The controversial gas-extraction technique tends to inspire strong emotions in people living in areas affected by it.

shutterstock_355852043 Shutterstock / Calin Tatu Shutterstock / Calin Tatu / Calin Tatu

FRACKING IS A word that tends to inspire strong emotions in people.

A relatively new industry, hydraulic fracturing or fracking is the process of blasting deep through shale rock to access gas and fuel deposits contained therein.

Those who speak against the practice tend to make the argument that it’s environmentally unstable and can have tremendously negative effects on everything from water supply to air quality to the structural integrity of buildings.

The flipside of course is that the shale gas deposits seen in much of the northwest are estimated to be worth in excess of €120 billion. The existence of those deposits has never been a secret, but the emergence of fracking as a potentially viable extraction method is what brought them to the fore.

The process has had a relatively low profile here for much of the last two years since Leitrim county council voted to ban the practice in the shale-rich area to be found in and around the county’s northern border (other counties in the Republic affected include Cavan, Sligo, Donegal and Roscommon).

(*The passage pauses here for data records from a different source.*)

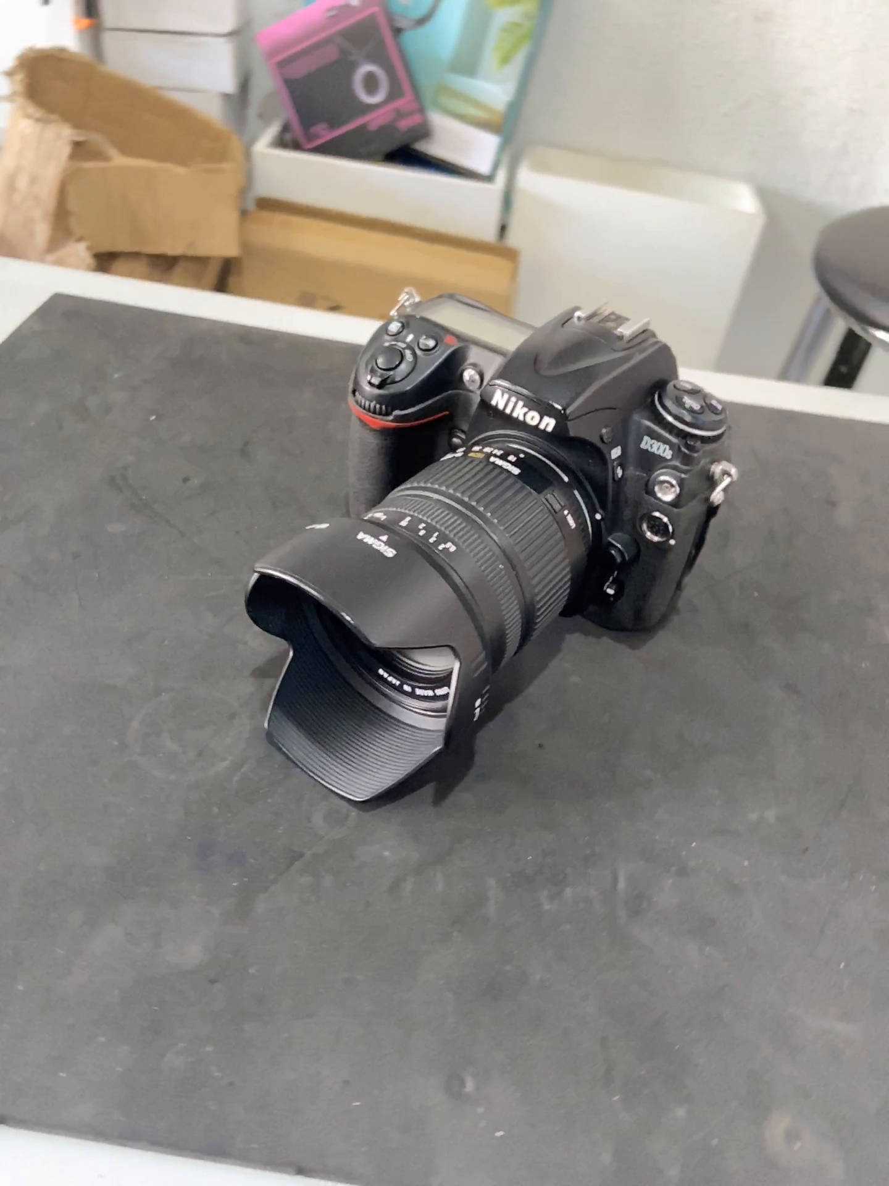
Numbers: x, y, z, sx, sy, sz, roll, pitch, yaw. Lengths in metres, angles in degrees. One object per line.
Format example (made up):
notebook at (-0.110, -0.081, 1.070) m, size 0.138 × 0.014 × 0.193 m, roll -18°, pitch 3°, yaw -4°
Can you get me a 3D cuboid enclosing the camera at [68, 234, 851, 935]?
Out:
camera at (0.009, -0.025, 0.321) m, size 0.170 × 0.109 × 0.181 m, roll 31°, pitch 46°, yaw 25°

At present, the Environmental Protection Agency is compiling a detailed report, three years in the making, on the viability and effects of Unconventional Gas Exploration and Extraction (UGEE) methods such as fracking.

Meanwhile, over in the UK, Jeremy Corbyn was re-elected as UK Labour leader on Sunday last. And one of the first commitments made under his newly-mandated leadership was a promise to ban fracking entirely in the UK should Labour be elected to government.

This isn’t that remarkable a position in Britain – both Scotland and Wales currently have moratoriums placed on the controversial drilling practice while further research takes place. Labour’s announcement does seem to up the ante however.

Bills bills bills

24/3/2016. Talks To Form A New Government Eamon Ryan Leah Farrell Leah Farrell

In the current Dáil there are no fewer than three political motions planned in opposition to fracking:

However, at present the entire issue is in abeyance here pending the arrival of the above-mentioned EPA report into fracking.

So the two bills mentioned, neither of which are as yet moving through the legislative process, seem to be a little redundant. What you can see them as is a sort of marker, to keep the subject in the public consciousness.

The fact there’s two of them can be seen perhaps as different parties seeking to claim credit for championing the issue.

“The subject has been put back on the long finger recently,” says Eamon Ryan, leader of the Green Party, who says his party’s joint motion on the subject will be actioned if and when the subject comes centre-stage once more.

I think personally it should be permanently put on the long finger.

Ryan is not overly concerned however, and says his “political sense” tells him that there isn’t much traction in government for proceeding with fracking.

“I don’t think it’ll get by first base in this country, at least I certainly hope it doesn’t,” he says.

Plus the Minister for the Environment (Denis Naughten) is from Roscommon, where the threat of water pollution is greatest. I don’t see it as having support.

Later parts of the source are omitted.